• Task directions: The full listing, word for word and free of images, is the expected result.

• Provided records:
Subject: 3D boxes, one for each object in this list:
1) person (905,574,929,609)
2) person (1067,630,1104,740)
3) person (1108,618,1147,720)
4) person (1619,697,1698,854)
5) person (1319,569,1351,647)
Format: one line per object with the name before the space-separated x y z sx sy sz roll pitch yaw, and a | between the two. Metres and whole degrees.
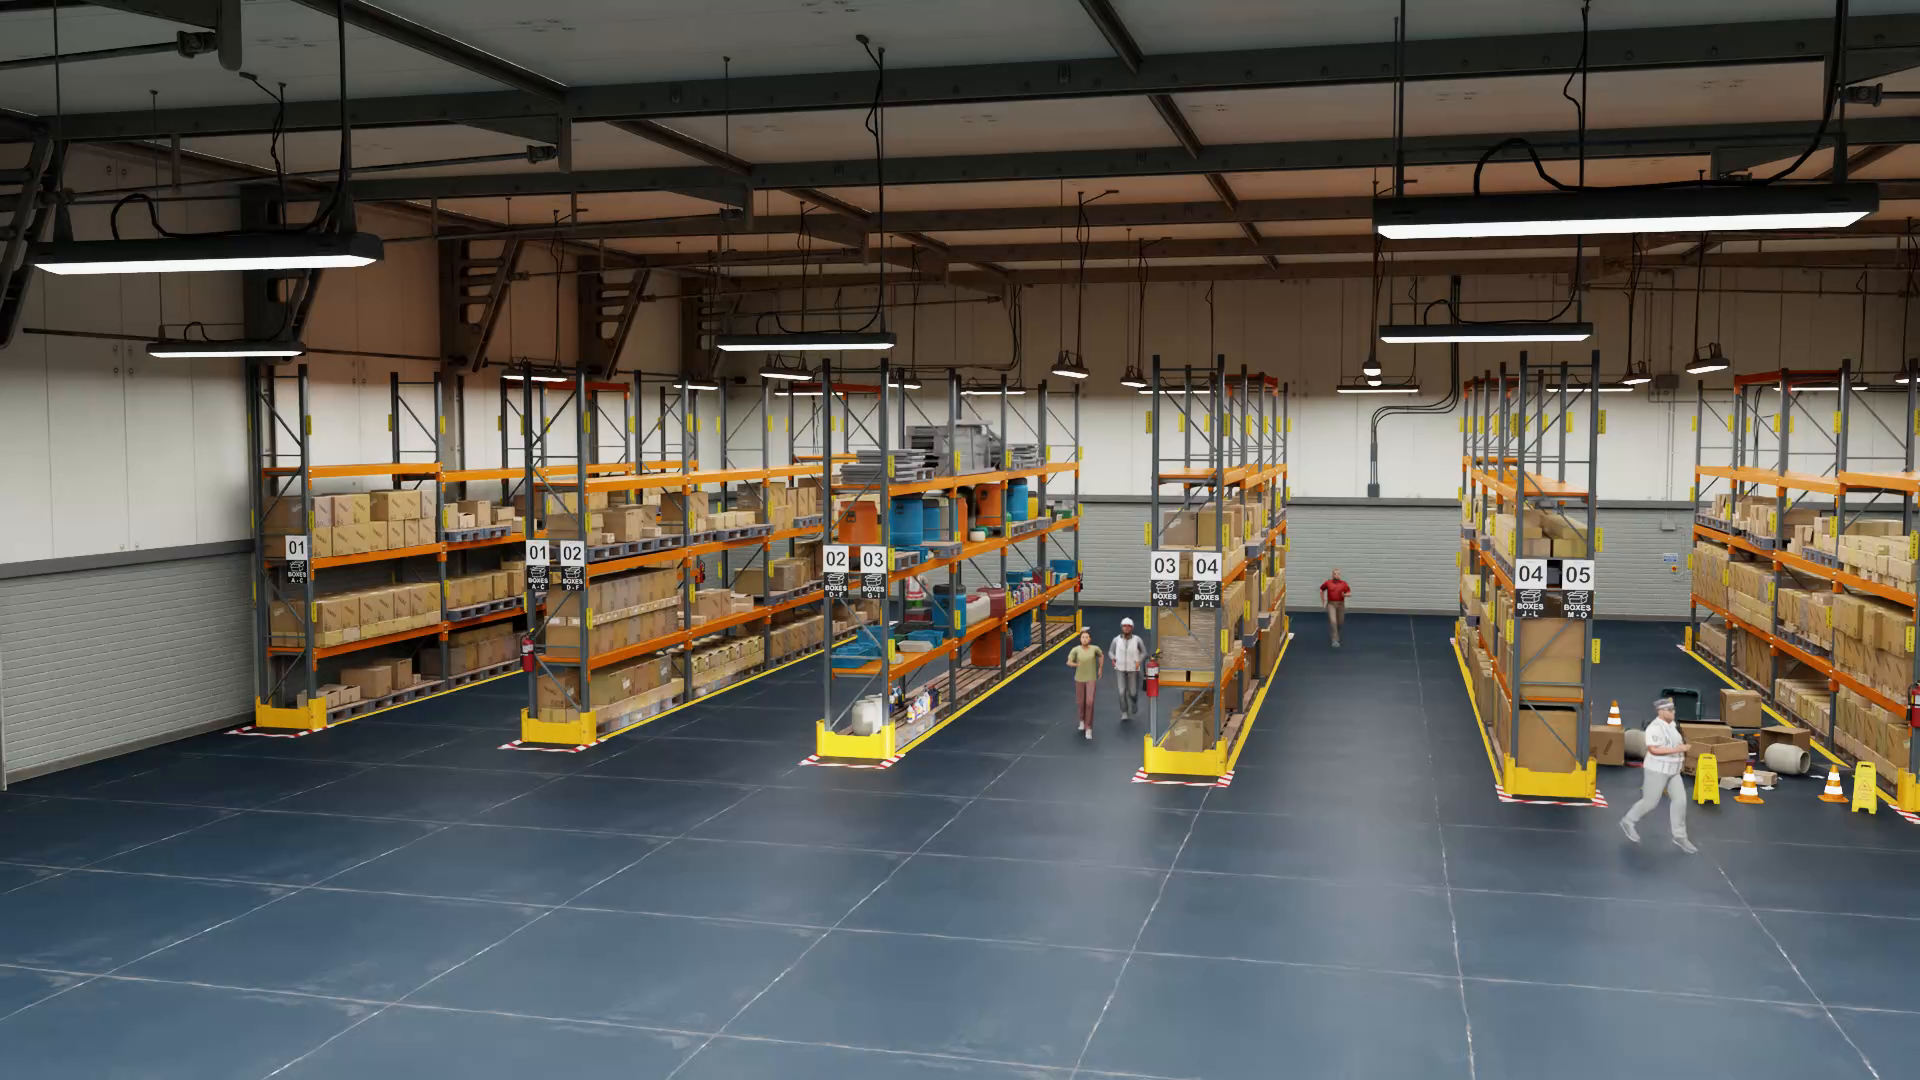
person | -1.064 1.435 38.870 0.635 1.807 0.690 0 4 5
person | 2.016 2.303 26.857 0.576 1.720 0.831 1 4 8
person | 2.833 2.192 28.259 0.656 1.722 0.606 1 4 12
person | 8.277 2.743 19.665 0.681 1.815 0.908 -3 5 -37
person | 8.533 1.521 37.757 0.666 1.709 0.988 0 4 -1

• Finished exercise:
Subject: 3D boxes, one for each object in this list:
1) person (905,574,929,609)
2) person (1067,630,1104,740)
3) person (1108,618,1147,720)
4) person (1619,697,1698,854)
5) person (1319,569,1351,647)
Format: one line per object with the name before the space-separated x y z sx sy sz roll pitch yaw, and a | between the two. Metres and whole degrees.
person | -1.064 1.435 38.870 0.635 1.807 0.690 0 4 5
person | 2.016 2.303 26.857 0.576 1.720 0.831 1 4 8
person | 2.833 2.192 28.259 0.656 1.722 0.606 1 4 12
person | 8.277 2.743 19.665 0.681 1.815 0.908 -3 5 -37
person | 8.533 1.521 37.757 0.666 1.709 0.988 0 4 -1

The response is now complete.